Size is an issue in this years Unlimited. The show aims to present works that cannot be on display in the smaller gallery booths, such as Giuseppe Penone's 'Tree' showing a fir tree split over it's full length in two halves and filled with resin. While in the case of Penone the size suits the work, there are other examples in the show where the scale rather works against the artist, and appears pretentious or empty, such as the huge orange fabric made by Sam Falls, showing the imprint the sunlight made on a fabric on which pallets where stacked. Also Rita Ackermann's three green paintings, 'A Study on the Aesthetic of Disappearance – Hair Wash, 2014' showing faint traces of figuration and abstract gestures, seem oversized for what they actually have to offer.

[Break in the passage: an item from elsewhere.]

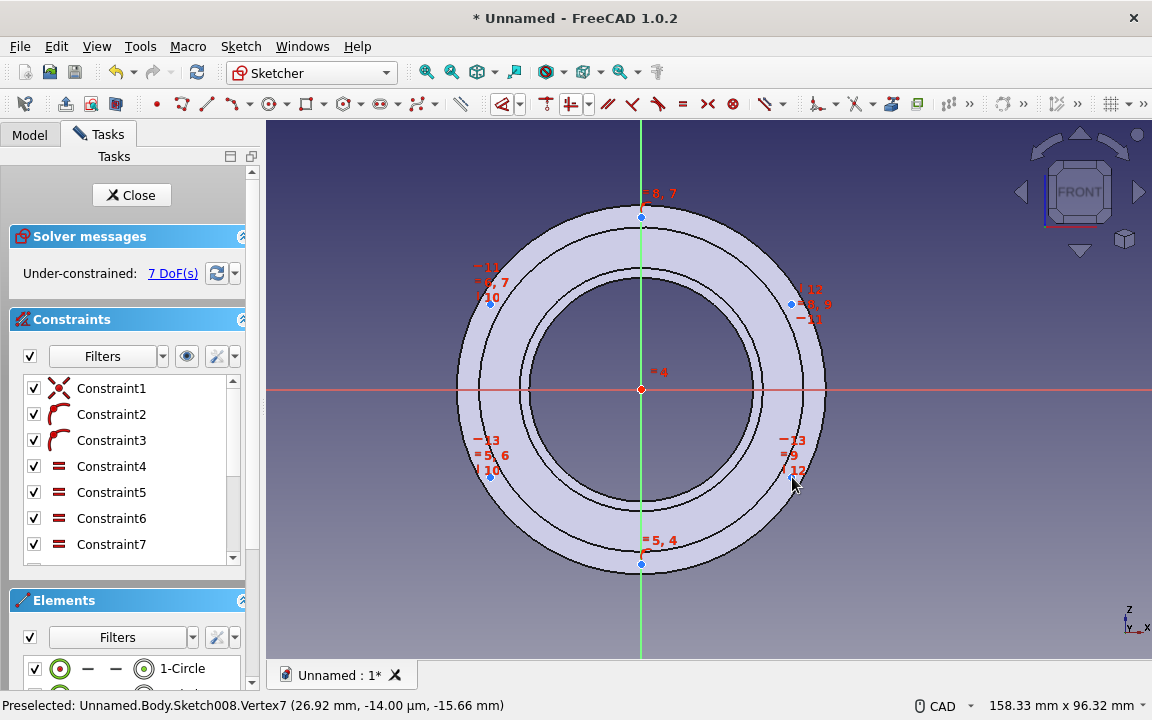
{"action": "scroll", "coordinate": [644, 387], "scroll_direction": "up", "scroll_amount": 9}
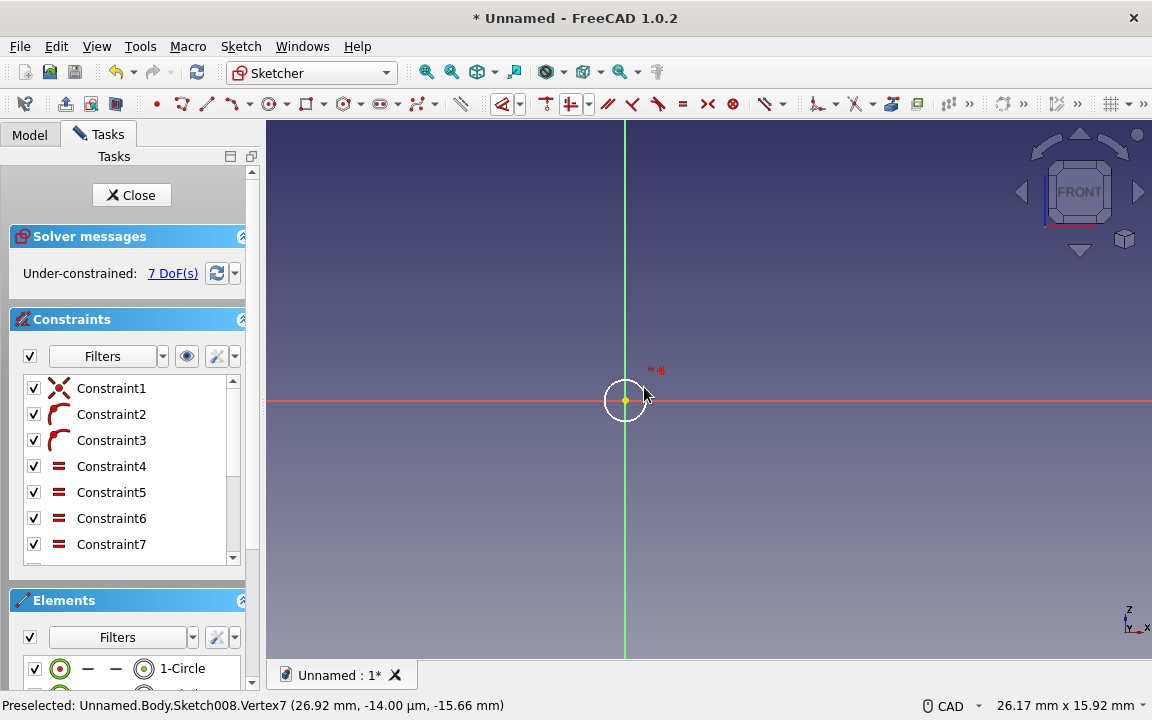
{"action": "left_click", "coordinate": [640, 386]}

Rita Ackermann, A Study on the Aesthetic of Disappearance – Hair Wash, 2014, Art Unlimited


Jack Lavender at The Approach, London


Alex Katz at Peter Blum gallery, New York

Painting is clearly not the 'forte' of this Unlimited show. Ackermann's works or Andrew Dadson's 'Re-stretched and Re-framed' (2014) rather suggest the medium's impotence then it's possibilities for expression. This is remarkable while in the main fair, in Hall number 2, fine examples of painting can be found in high numbers and variety, both in the traditional format of the canvas as in experiments on the edges of the medium, such as Jack Lavender's glass panels at The Approach, London, that are filled with toner ink. Gallery Blum presents a solo by Alex Katz, showing works of different periods of this American icon. In the booth of McKee Gallery two large paintings of Philip Guston can be seen, among them 'Ride' 1969, with the characteristic 'Clan' hoods, one of the first figurative paintings that Guston did after having worked in an abstract vocabulary. Zeno X gallery shows works by Belgian painters Luc Tuymans and Raoul de Keyser and by the American Jack Whitten, bringing together some substantial attitudes in painting from the last decades. Here no big size is needed to convince.

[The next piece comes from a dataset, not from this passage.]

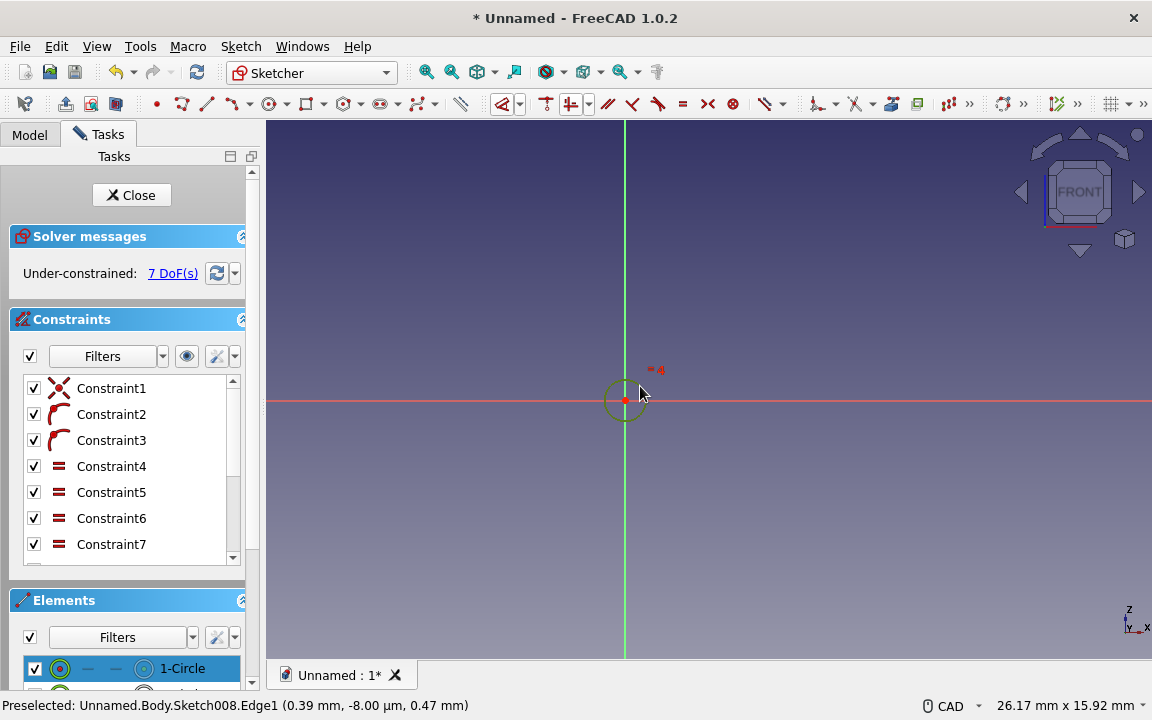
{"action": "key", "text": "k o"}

Philip Guston at McKee gallery, New York


Mark Manders and Raoul de Keyser at Zeno X gallery, Antwerpen


Matias Faldbakken at Standard gallery, Oslo

Within the density and diversity of the fair some galleries still manage to create some kind of focus within their booth, such as gallery Standard from Norway where an installation of Matias Faldbakken was presented alongside paintings by Ann Cathrin November Høibo. Faldbakken framed old carton boxes, hardly of any interest, but presented in such a way, here in conjunction with some carved gas tanks, that it catches the attention. An example of finding art in everyday life, rather then making it.

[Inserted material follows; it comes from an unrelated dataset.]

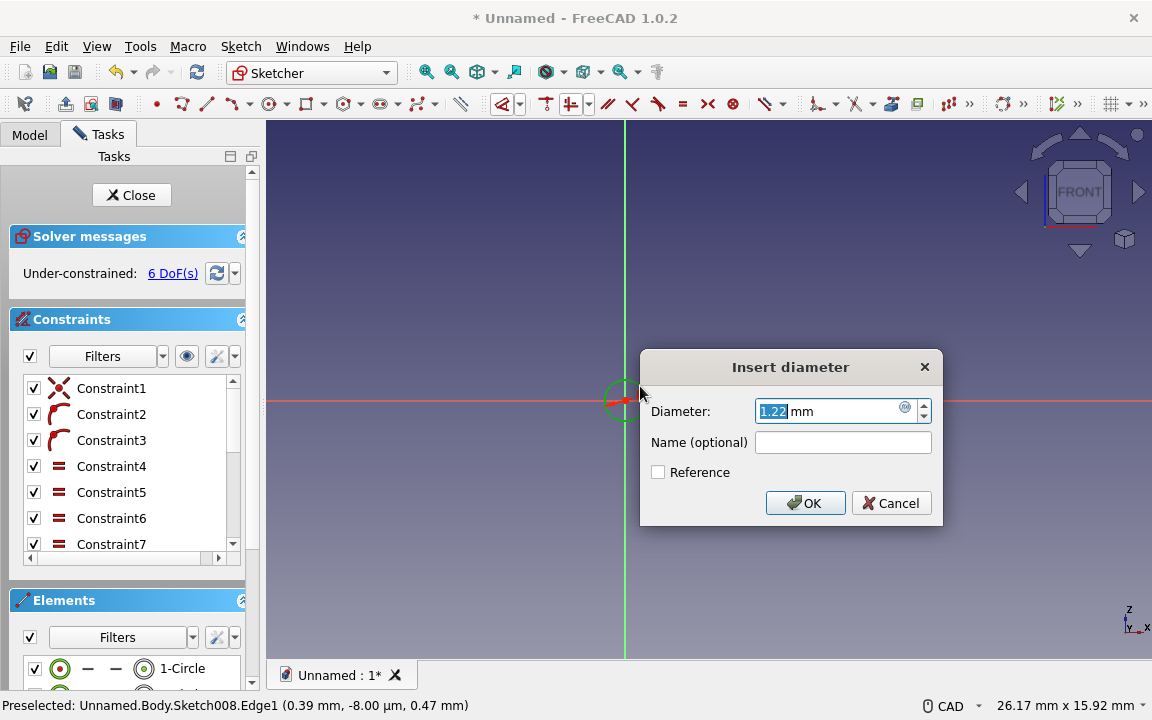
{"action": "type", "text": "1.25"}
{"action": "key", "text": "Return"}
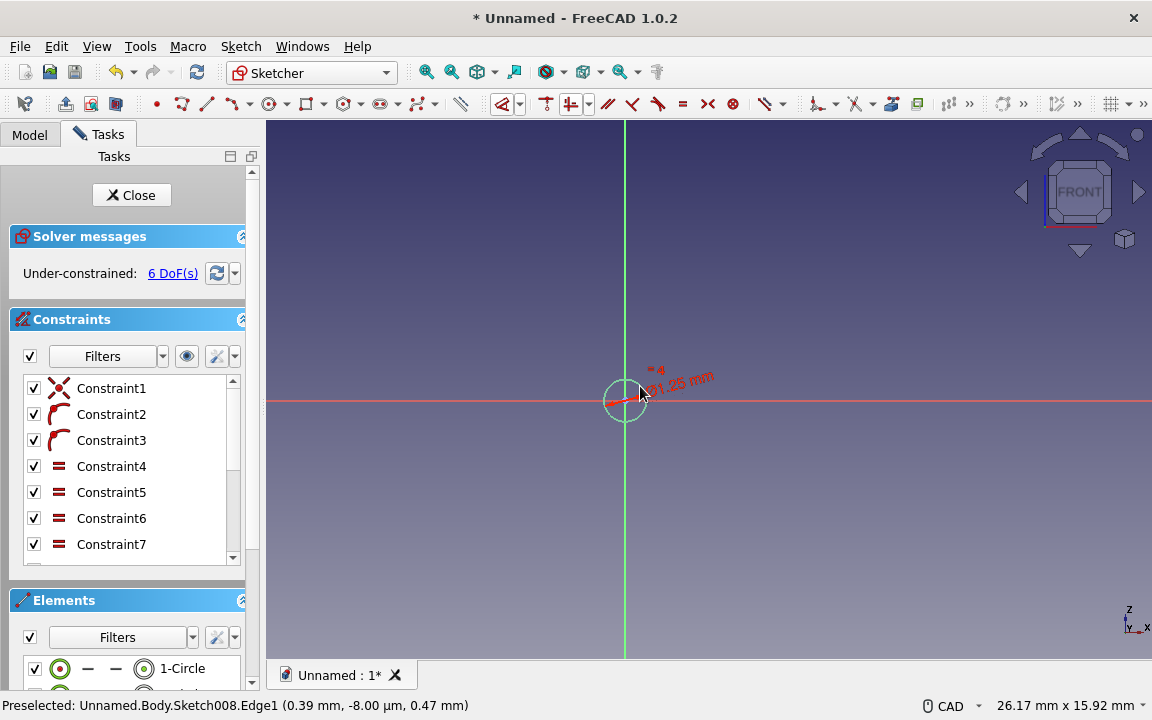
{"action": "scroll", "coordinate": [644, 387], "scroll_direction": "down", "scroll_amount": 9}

Anna Betbeze at Kate Werble gallery, New York


Marie Lund at Laura Bartlett gallery, London

For the youngest section of the Art Basel, the Art Statements, 14 galleries have been selected out of several hundred proposals. While the Statements used to be located in a separate hall together with Unlimited, this year the section is integrated in the main fair which is welcomed by the galleries since it brings the collectors closer. One of the eye catching Statements comes from Anna Betbeze, who presents at Kate Werble Gallery a sculpture of a rug, that has been colourful dyed, but also burned and mutilated. Another highlight comes from the Danish artist Marie Lund in the booth of Laura Bartlett Gallery. What appears to be an installation of hand made paintings are in fact curtains that the artist collected from the Arcosanti house in the Arizona desert, an experimental architecture project started in 1970. The curtains were blended by the harsh sunlight and show traces of more then 40 years use. They are in different colours, each obtained from a different room of the house.  Here the use of sunlight as a painting instance is convincing and leads to a strong visual result, that actually looks like a handmade painting. Combined with a series of concrete sculptures, cast out of backpacks, the ensemble creates an abstract travel history.